|








xywang@gmu.edu
|
Tutorial
Bioinformatics and Constraints
Rolf Backofen (1) and David Gilbert (2)
(1) Ludwig-Maximillians University, Munich, Germany:
backofen@informatik.uni-muenchen.de
(2) City University, London, UK: drg@cs.city.ac.uk
ABSTRACT
Bioinformatics is an exciting and rapidly developing field, and focuses
on solving problems arising from biology using methodology from computer
science. This tutorial introduces this topic for computer scientists, and
highlights those areas which we believe to be suitable for the application
of constraint solving techniques. The tutorial covers the following:
- Biological background: sequence, structure, function.
- Review of problem areas, including: genome and physical map & physical
map, transcription, expression, properties of DNA language, alignment
(sequence, structure), protein docking, ligand binding, metabolic
pathways, protein design, structure prediction, models of evolution.
- Computational techniques: representation & visualisation of biological
knowledge, database design for biological resources, data mining,
pattern searching & discovery, phylogenetic trees, clustering.
OUTLINE
- Introduction
- Definition of bioinformatics -- solving problems arising from biology
using methodology from computer science.
- The elicitation of DNA sequences from genetic material,
their annotation, the control of gene expression (transcription of
proteins from DNA), the relationship between the amino acid sequence of
proteins and their structure.
- The importance of data: bio-databases (sequence, structure,
expression, biochemical networks), and the design & implementation
of algorithms to exploiting the nature of the data.
- Biological background:
- Genes / DNA; proteins: coding via DNA, expression,
mutual interaction, structure & function; metabolic pathways and
regulatory networks.
- The Central Dogma: the sequence of amino acids making up a protein,
and hence its (folded state) structure and thus its function proteins
is determined by transcription from DNA via RNA.
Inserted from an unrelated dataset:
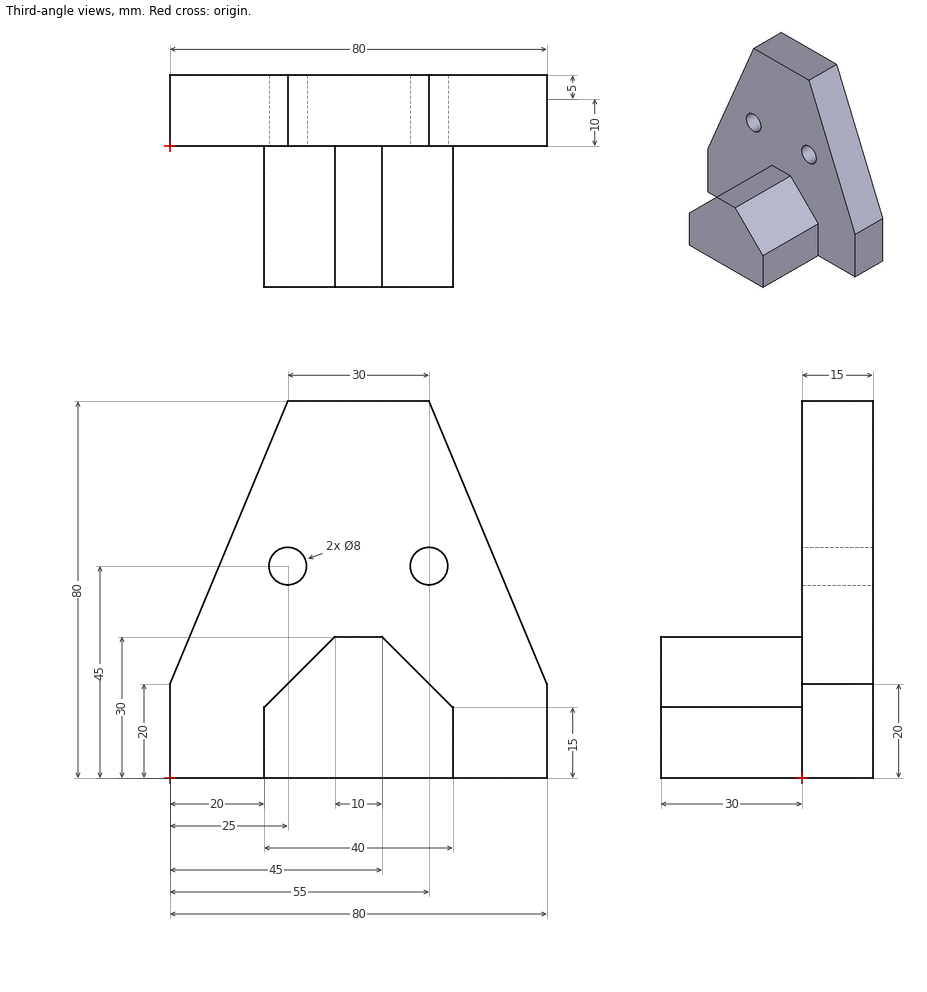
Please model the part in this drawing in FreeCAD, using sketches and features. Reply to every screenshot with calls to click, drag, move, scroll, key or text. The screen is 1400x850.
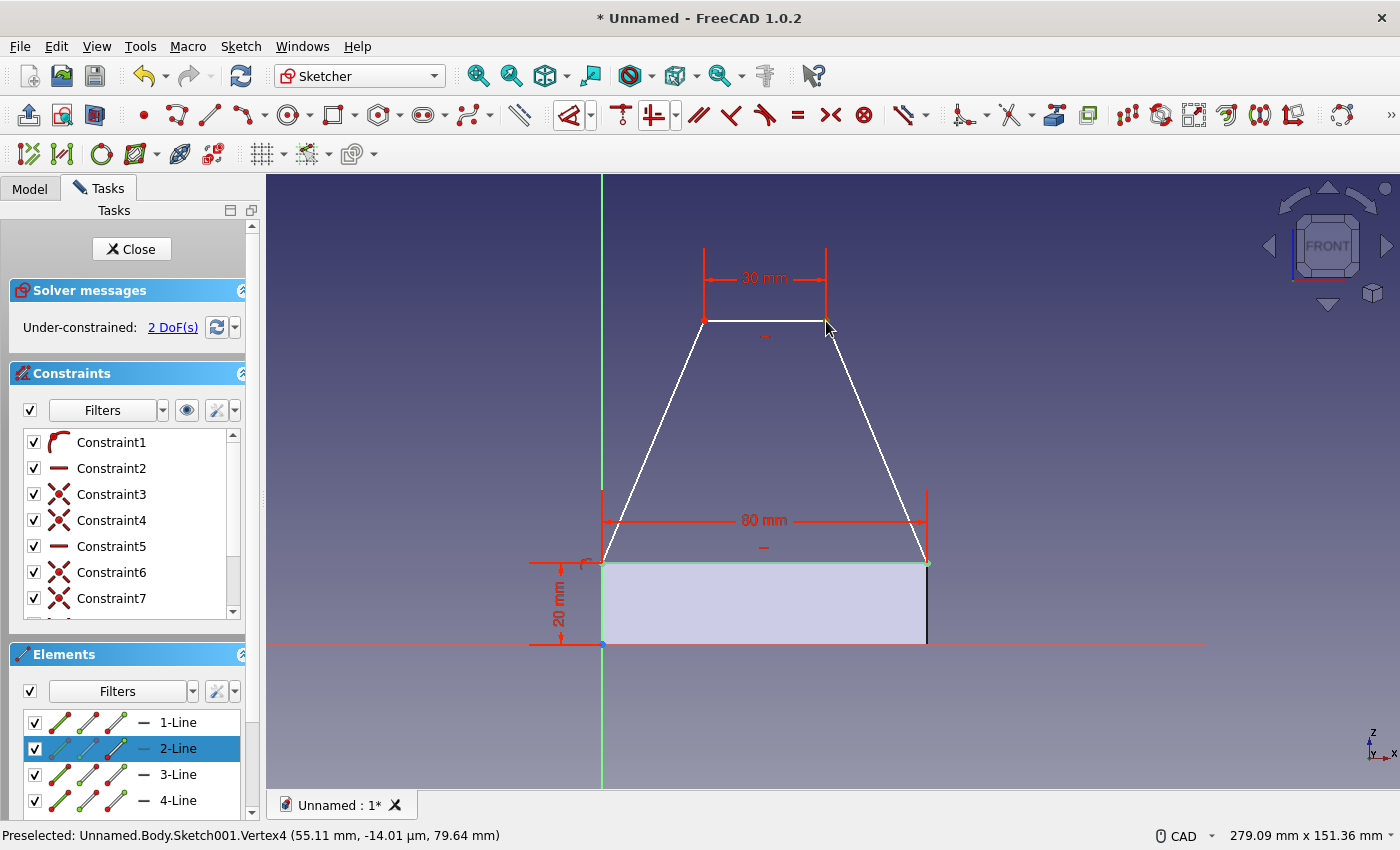
key(l)

- Holy grails: development of computational methods to determine
relationship between (protein) amino-acid sequence and structure and
function.
- Classification of current problem areas in Bioinformatics
- Central Dogma related: sequence, structure, function
- Data related: storage, retrieval, analysis and abstraction. Data mining,
database design, representation/ visualisation of biological knowledge.
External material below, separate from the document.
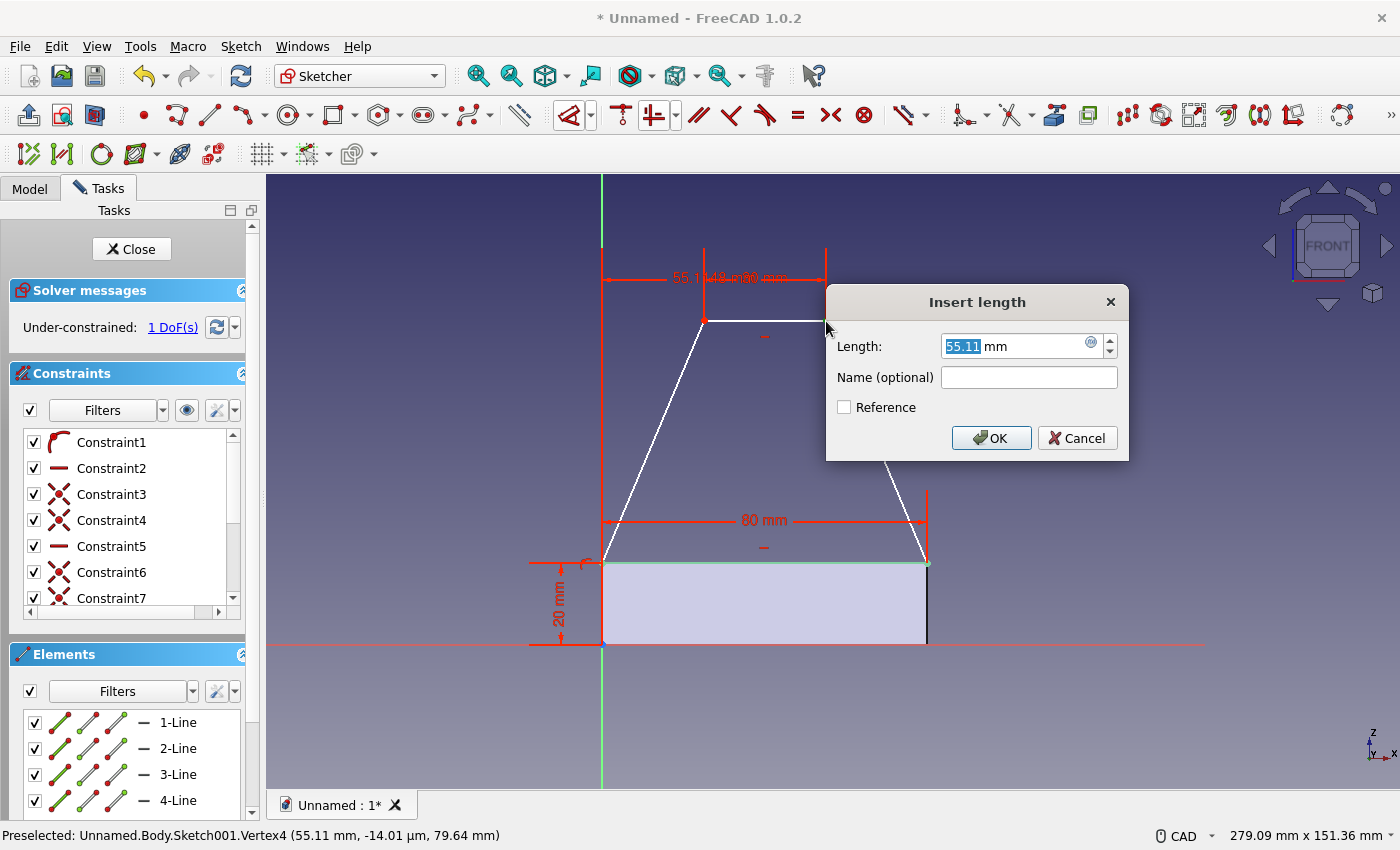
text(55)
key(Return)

- Simulation of biological processes: protein folding (molecular dynamics),
composition of viruses, metabolic pathways
- Details of current problem areas
- Comparison and alignment of sequences or structures, in order to determine
homology (evolutionary relationships). String matching, graph comparison,
mixtures of both.
- Search and pattern discovery in genome, protein, expression and
metabolic/regulatory databases. (large databases, noisy data).
Stochastic approaches including Hidden Markov Models. Machine learning.
Pattern languages.
- Phylogenetic trees, and models of evolution.
- Structure prediction: relationship between sequence and structure
(RNA or protein). Protein folding and inverse protein folding.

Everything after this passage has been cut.